Reputation: 239
Am trying to get only those words from a list that are present in a given sentence.The words can include bigram words as well. For example,
wordList <- c("really good","better","awesome","true","happy")
sentence <- c("This is a really good program but it can be made better by making it more efficient")
myresult should be :
"really good" "better"
I have 1000 sentences like this on which i need to compare the words. The word list is also bigger. i tried brute force method using grep command but it took a lot of time (as expected). I am looking to get the matching words in a way that the performance is better.
Upvotes: 0
Views: 139
Reputation: 2541
What about
unlist(sapply(wordList, function(x) grep(x, sentence)))
Upvotes: 0
Reputation: 239
I was able to use @epi99's answer with a slight modification.

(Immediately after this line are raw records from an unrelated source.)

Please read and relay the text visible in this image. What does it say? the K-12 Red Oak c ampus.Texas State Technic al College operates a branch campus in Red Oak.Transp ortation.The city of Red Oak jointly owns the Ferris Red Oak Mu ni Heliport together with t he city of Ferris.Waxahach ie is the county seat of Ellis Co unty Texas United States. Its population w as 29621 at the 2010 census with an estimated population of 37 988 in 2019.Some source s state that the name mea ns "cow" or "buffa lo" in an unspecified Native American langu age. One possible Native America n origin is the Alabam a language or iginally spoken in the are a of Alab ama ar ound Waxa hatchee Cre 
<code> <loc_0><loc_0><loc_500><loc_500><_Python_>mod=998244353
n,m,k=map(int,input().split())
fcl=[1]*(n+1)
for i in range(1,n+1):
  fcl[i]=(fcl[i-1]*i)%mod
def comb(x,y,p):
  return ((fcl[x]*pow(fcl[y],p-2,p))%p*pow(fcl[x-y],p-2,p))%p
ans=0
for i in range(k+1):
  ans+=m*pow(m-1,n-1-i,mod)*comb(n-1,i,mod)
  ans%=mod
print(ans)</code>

wordList <- c("really good","better","awesome","true","happy")
sentence <- c("This is a really good program but it can be made better by making it more efficient")

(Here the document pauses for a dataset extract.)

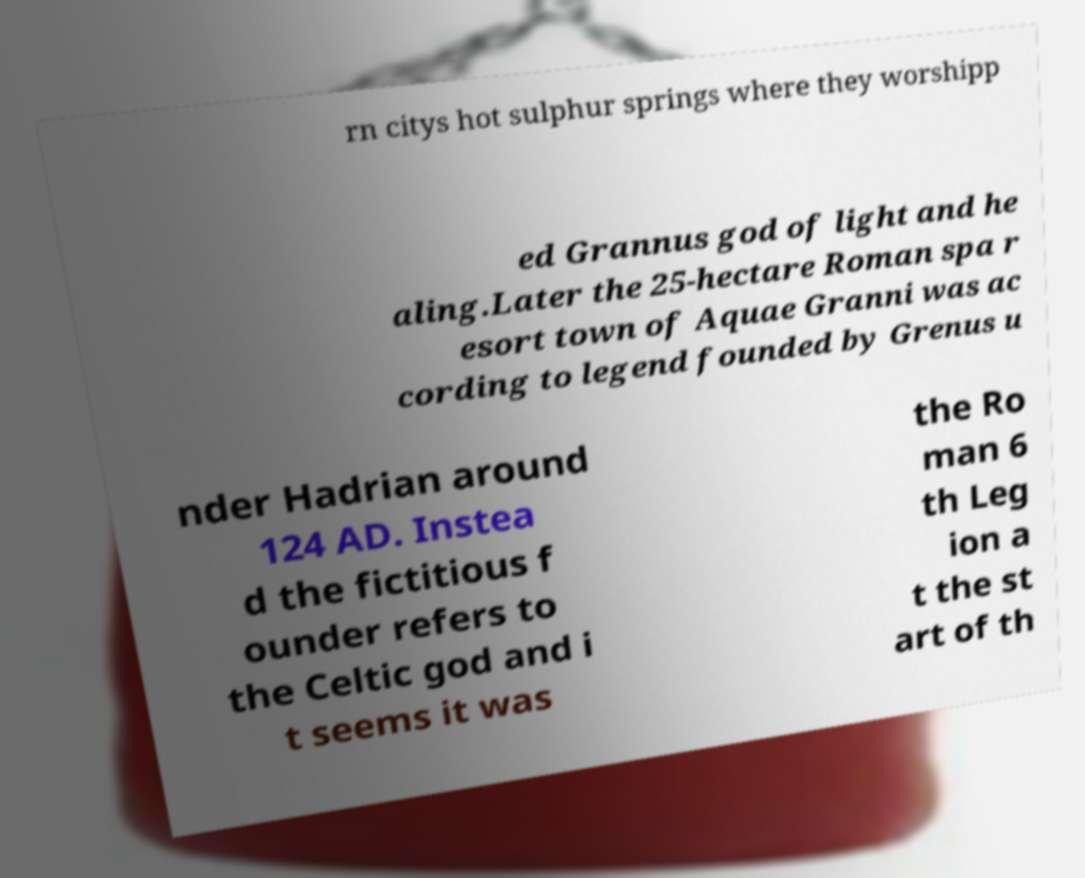Can you accurately transcribe the text from the provided image for me? rn citys hot sulphur springs where they worshipp ed Grannus god of light and he aling.Later the 25-hectare Roman spa r esort town of Aquae Granni was ac cording to legend founded by Grenus u nder Hadrian around 124 AD. Instea d the fictitious f ounder refers to the Celtic god and i t seems it was the Ro man 6 th Leg ion a t the st art of th 
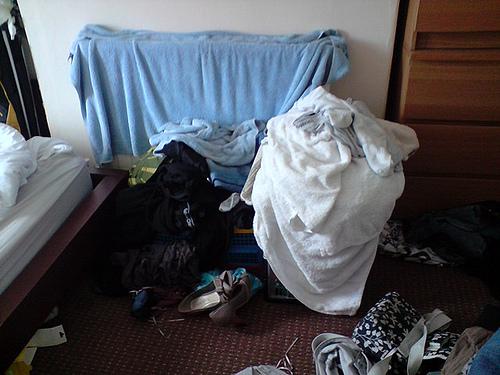Where is the blue towel?
Quick response, please. Hanging. Is the room messy?
Concise answer only. Yes. Can you see a bed?
Be succinct. Yes.

# get unigrams from the sentence
unigrams <- unlist(strsplit(sentence, " ", fixed=TRUE))
# get bigrams from the sentence
bigrams <- unlist(lapply(1:length(unigrams)-1, function(i) {paste(unigrams[i],unigrams[i+1])} ))

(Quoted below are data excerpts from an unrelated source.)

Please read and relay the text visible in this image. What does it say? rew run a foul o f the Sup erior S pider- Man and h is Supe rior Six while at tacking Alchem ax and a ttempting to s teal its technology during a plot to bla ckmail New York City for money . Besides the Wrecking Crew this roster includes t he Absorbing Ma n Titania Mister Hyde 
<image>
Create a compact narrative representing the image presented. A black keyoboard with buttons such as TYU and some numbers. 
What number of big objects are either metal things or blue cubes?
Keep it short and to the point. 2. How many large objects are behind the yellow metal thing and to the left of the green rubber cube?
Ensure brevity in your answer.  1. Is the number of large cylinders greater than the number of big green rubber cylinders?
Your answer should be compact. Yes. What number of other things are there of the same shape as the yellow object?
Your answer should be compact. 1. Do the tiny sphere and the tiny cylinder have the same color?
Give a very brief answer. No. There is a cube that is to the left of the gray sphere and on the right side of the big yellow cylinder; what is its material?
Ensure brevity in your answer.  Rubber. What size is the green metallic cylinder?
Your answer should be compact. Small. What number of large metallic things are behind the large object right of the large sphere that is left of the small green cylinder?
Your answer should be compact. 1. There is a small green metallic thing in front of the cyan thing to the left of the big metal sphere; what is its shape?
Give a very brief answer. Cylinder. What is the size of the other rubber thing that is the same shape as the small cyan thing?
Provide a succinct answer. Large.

# .. and combine into a single vector
grams=c(unigrams, bigrams)
# use match function to get the matching words
matches <- match(grams, wordList )
matches <- na.omit(matches)
matchingwords <- wordList[matches]
Upvotes: 0
Reputation: 4378
require(dplyr)
wordList <- c("really good","better","awesome","true","happy")
sentence <- c("This is a really good program but it can be made better by making it more efficient")
# get unigrams from the sentence
unigrams <- unlist(strsplit(sentence, " ", fixed=TRUE))
# get bigrams from the sentence
bigrams <- unlist(lapply(1:length(words)-1, function(i) {paste(words[i],words[i+1])} ))
# .. and combine into data frame
grams <- data.frame(grams=c(unigrams, bigrams), stringsAsFactors = FALSE)
# dplyr join should be pretty efficient
matches <- inner_join(data.frame(wordList, stringsAsFactors = FALSE),
grams,
by=c('wordList'='grams'))
matches
wordList
1 really good
2 better
Upvotes: 2